From Fig. 4, it is clearly noticed that the major expenses of the DHA production plant are on the OPEX. The CAPEX only contributes to 32% of the cost. The majority of the OPEX comes from the total variable operating cost, which is 51% out of the 68% of the total OPEX. Most of the VOC is spent on raw materials and utilities. Therefore, the type of feedstock for DHA production plays an important role in determining whether the plant is generating profit.

Fig. 4
figure 4

Percentage distribution of the total CAPEX and OPEX of DHA production plant

As a result, the sensitivity analysis was carried out to examine the economic feasibility of the production by varying the DHA selling price. The DHA selling price is RM 124.16/kg (or USD 26.25/kg) for the worst case, RM 165.55/kg (or USD 35/kg) for the base case and RM 206.94/kg (or USD 43.75/kg) for the best case as shown in Table 8. After paying a corporate tax of 24%, the net earnings of the plant are estimated to be approximately RM 72.94 million in the worst case, RM 194.70 million in the base case, and RM 316.47 million in the best case. The cumulative cash flow diagram is plotted in Fig. 5. The negative value in the plant service year indicates the construction period. The payback periods are 2.95, 1.10, and 0.68 year for the worst case, base case, and best case, respectively, if the plant is operating at full capacity after the construction period. However, the plant is usually expected to operate at an initial capacity of 50% before gradually ramping up to 90.4% in 1.5 years (Braunberger et al. 2018); then, the payback periods for all three cases will be one to two years more than the one estimated in the sensitivity study. When the selling price for DHA is in the best condition, the return on investment is 147.04%, which is promising. Even if the DHA selling price is at the worst scenario, the return on investment is 33.80%. Therefore, the economic performance of the plant is highly viable. It is feasible to synthesize DHA from crude glycerol.

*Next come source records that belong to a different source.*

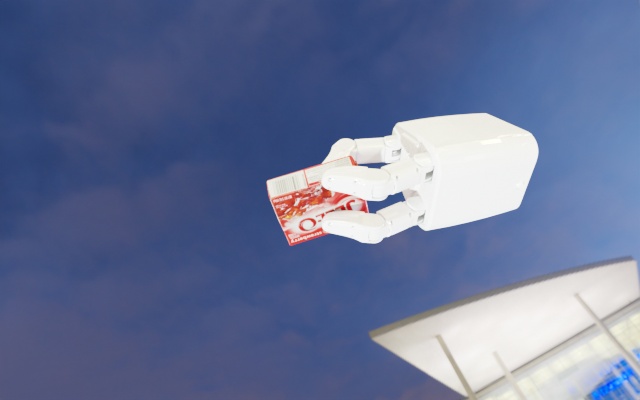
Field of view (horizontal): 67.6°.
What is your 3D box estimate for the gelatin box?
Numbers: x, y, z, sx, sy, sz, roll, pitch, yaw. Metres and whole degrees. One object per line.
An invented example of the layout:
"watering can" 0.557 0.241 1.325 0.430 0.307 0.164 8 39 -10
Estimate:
"gelatin box" 0.000 0.001 0.475 0.089 0.030 0.073 -17 -44 1
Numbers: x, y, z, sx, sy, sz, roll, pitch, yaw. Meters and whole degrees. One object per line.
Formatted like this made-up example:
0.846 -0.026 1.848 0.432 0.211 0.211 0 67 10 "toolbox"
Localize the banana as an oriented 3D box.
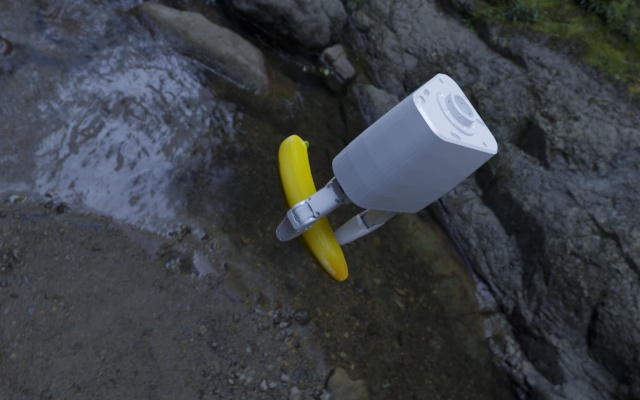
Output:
-0.014 -0.005 0.529 0.070 0.197 0.037 18 -44 -41 "banana"
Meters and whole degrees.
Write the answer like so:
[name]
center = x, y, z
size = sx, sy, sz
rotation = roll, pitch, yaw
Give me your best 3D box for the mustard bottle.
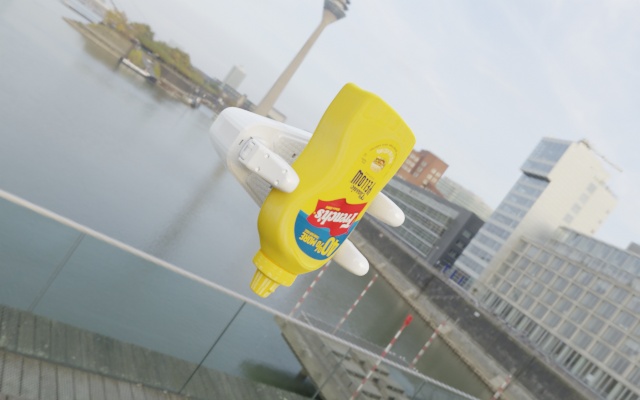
[mustard bottle]
center = 0.000, 0.001, 0.411
size = 0.058, 0.191, 0.096
rotation = 38, 3, 36

Table 8 Market analysis when DHA selling price is varied
Fig. 5
figure 5

Cumulative cash flow diagram

Conclusion

In this study, a feasibility study on the production of DHA from crude glycerol via microbial fermentation using Gluconobacter oxydans was performed. Optimization was carried out to maximize profit. For this, the n-butanol stream from the crystallizer was recycled back to the azeotropic distillation column and this promoted an overall 17.62% increment in the DHA production rate. The total production rate of DHA was 3871 tons/year from 6266 tons of crude glycerol. From the feasibility study carried out, the preliminary process hazards and safety were reviewed. The overall operation of the plant was relatively safe with risks ranging from moderate to low. With appropriate mitigation in place for process hazards as well as proper accidental release measure, storage, and handling of chemicals, the risks involved could be kept as low as reasonably practicable. From the economic study, it was revealed that the total capital investment and total operating expenses were RM 215.07 million and RM 446.14 million, respectively. As a whole, the economic performance of the plant was viable even when the DHA selling price was low (RM 124.16/kg). When the selling price of DHA was at the best condition (RM 206.94/kg), RM 801.06 million of annual revenue could be attained with a return on investment of 147.04%. Even though the DHA selling price might fluctuate, the payback periods for the investment were less than five years. Overall, the DHA production from microbial fermentation of glycerol is techno-economically feasible. DHA synthesis from crude glycerol offers an alternative to reuse the waste from biodiesel production, hence promoting responsible consumption and production.

It is recommended to carry out a detailed environmental sustainability study such as a life cycle assessment of the DHA production plant for future research. Moreover, the development of a forecasting economical model is another area of potential future work to provide more insights for potential investors.